# June Photo of the Month 2022



## TaMMa89 (Apr 12, 2008)

_Hi guys!_

_What would be more fascinating than have some good photo shoots after sunset? Those photos shot in gloomy, sometimes a tad eerie or even a bit romantical - on their own way - dark scenes. Add your favorite animal - horse - in that scene and we've reached something that is called perfection 👌.

So in May, we participate with equine related photos that have been shot during nighttime

Please enter your one photo as a reply to this thread._
_****

After June the 30th, the entry will be closed and a poll will be put up as a way for voting the Photo of June 2022. Once the entry has been closed, it is not possible to enter the competition with your photo anymore.

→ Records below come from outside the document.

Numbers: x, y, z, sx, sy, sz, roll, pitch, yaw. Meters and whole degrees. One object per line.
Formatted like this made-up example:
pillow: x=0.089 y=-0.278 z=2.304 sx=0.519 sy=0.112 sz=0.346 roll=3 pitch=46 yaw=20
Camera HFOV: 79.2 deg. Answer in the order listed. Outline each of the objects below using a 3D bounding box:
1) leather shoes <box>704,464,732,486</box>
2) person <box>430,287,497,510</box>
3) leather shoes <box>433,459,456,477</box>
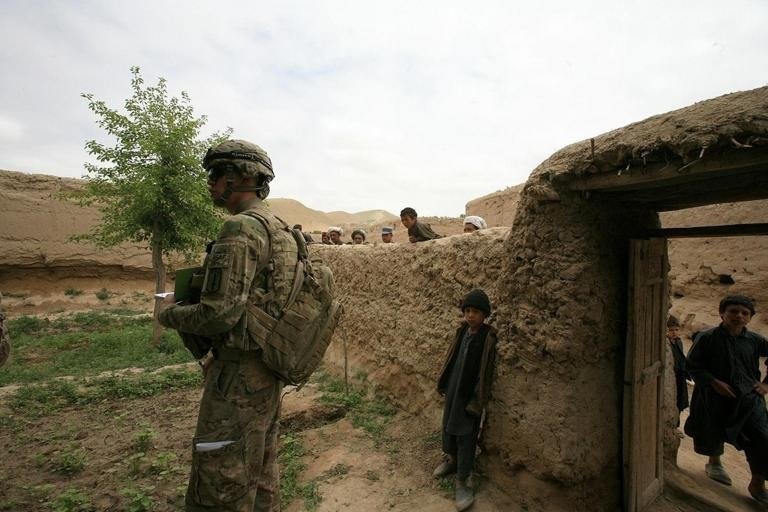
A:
leather shoes: x=4.687 y=3.071 z=6.509 sx=0.183 sy=0.148 sz=0.379 roll=-5 pitch=-16 yaw=10
person: x=0.959 y=1.672 z=5.677 sx=0.534 sy=2.572 sz=0.646 roll=2 pitch=0 yaw=-33
leather shoes: x=0.750 y=2.649 z=5.805 sx=0.321 sy=0.118 sz=0.153 roll=-5 pitch=0 yaw=-21
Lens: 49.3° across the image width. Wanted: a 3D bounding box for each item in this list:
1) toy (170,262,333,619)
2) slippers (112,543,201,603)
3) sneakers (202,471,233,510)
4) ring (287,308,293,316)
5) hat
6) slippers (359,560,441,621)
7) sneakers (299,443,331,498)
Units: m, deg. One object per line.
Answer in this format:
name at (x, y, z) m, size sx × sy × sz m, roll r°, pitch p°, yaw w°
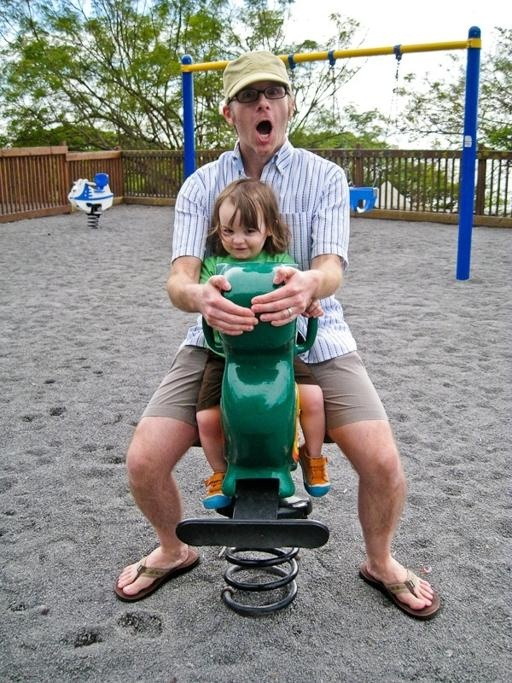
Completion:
toy at (0.017, 0.307, 1.368) m, size 0.302 × 0.995 × 0.633 m, roll 0°, pitch 10°, yaw 6°
slippers at (-0.306, 0.693, 1.718) m, size 0.221 × 0.054 × 0.114 m, roll -16°, pitch 22°, yaw -36°
sneakers at (-0.097, 0.375, 1.412) m, size 0.053 × 0.055 × 0.136 m, roll -1°, pitch -5°, yaw -3°
ring at (0.071, -0.063, 1.174) m, size 0.014 × 0.013 × 0.011 m, roll -4°, pitch 5°, yaw -4°
hat at (-0.010, -0.769, 1.646) m, size 0.145 × 0.085 × 0.180 m, roll -7°, pitch 11°, yaw 0°
slippers at (0.410, 0.711, 1.605) m, size 0.091 × 0.048 × 0.191 m, roll -18°, pitch 17°, yaw -34°
sneakers at (0.175, 0.330, 1.512) m, size 0.059 × 0.065 × 0.163 m, roll -5°, pitch 50°, yaw -12°
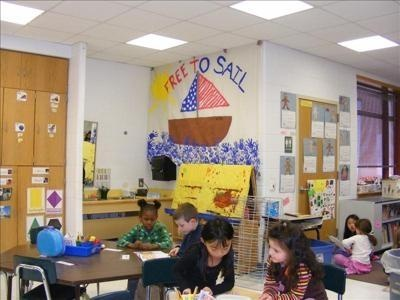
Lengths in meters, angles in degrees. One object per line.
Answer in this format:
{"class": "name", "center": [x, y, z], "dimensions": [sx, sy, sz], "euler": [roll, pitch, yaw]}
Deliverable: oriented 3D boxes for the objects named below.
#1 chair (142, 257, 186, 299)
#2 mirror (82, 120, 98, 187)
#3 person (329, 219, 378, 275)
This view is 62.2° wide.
{"class": "chair", "center": [-0.394, 1.091, 3.033], "dimensions": [0.346, 0.458, 0.378], "euler": [4, -7, -31]}
{"class": "mirror", "center": [-2.410, 0.073, 7.280], "dimensions": [0.077, 1.432, 0.323], "euler": [-2, -4, 36]}
{"class": "person", "center": [2.810, 1.771, 6.215], "dimensions": [0.808, 0.957, 0.654], "euler": [2, -8, 16]}
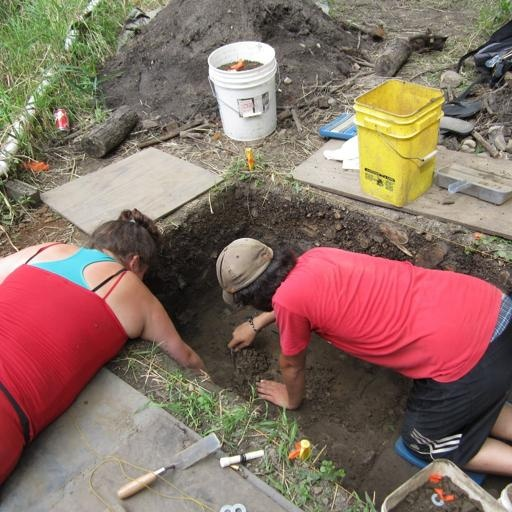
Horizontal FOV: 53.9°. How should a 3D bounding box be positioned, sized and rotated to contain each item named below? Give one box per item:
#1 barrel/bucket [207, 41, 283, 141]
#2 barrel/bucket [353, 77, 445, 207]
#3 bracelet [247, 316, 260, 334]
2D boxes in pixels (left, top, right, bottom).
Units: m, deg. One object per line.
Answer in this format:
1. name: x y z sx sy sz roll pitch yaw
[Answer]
1. barrel/bucket: -0.074 -1.228 3.747 0.569 0.518 0.530 -3 48 3
2. barrel/bucket: 0.842 -0.660 2.932 0.416 0.621 0.454 -7 42 7
3. bracelet: 0.016 0.421 3.126 0.038 0.101 0.080 -45 34 0
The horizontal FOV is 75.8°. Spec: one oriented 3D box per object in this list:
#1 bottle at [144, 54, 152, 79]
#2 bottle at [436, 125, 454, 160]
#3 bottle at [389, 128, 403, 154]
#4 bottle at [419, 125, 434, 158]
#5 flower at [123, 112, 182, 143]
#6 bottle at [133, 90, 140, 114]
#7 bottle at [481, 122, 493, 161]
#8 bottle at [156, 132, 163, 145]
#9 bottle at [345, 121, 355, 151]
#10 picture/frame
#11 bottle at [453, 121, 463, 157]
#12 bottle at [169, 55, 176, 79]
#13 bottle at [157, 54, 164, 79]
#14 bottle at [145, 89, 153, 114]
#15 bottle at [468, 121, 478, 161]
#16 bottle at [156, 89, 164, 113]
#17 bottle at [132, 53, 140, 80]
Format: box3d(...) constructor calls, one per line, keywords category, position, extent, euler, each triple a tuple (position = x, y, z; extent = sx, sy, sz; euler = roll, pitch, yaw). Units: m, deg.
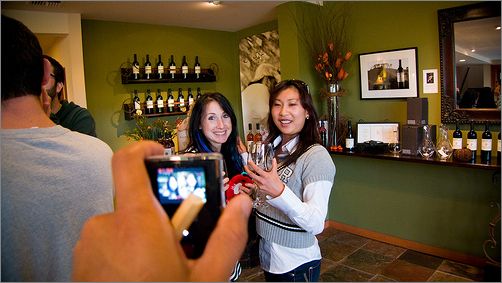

If you have something to ask, comment regarding *in particular* to June 2022 Competition, the fastest way to reach my attention is to tag my username @TaMMa89 in a message posted in this Discussion. All general questions related to Official Horse Forum Photography Competitions will be asked __here_.

_Please stay tuned since some of the rules may become still more precise or change.

*Few rules:*_
_Horses: you can participate with a photo of a horse that you own. If you participate with a photo of a horse that isn't yours, you must have the owner's permission to use a photo of their horse. Lesson horses are accepted, but it's polite to inform the stable of usage of the photo. In cases such as historical themes, in which the horse is deceased, the stable has been shut down well in the past and there's no chance to ask permission from the owner (for example because the owner has passed away), a member can use the photo of the horse, but respecting the privacy of the stable, other environment in the photo and people in that place._

_People: You must have permission from all people who are identifiable in the photo. Children under 18 years old: If you share a photo of a person who is under 18 years old and who isn't you or your child, you must have the parent's or guardian's permission to participate. The HorseForum.com Moderating Team reserves right to remove photos of underage people if them risk young members' safety or anonymity.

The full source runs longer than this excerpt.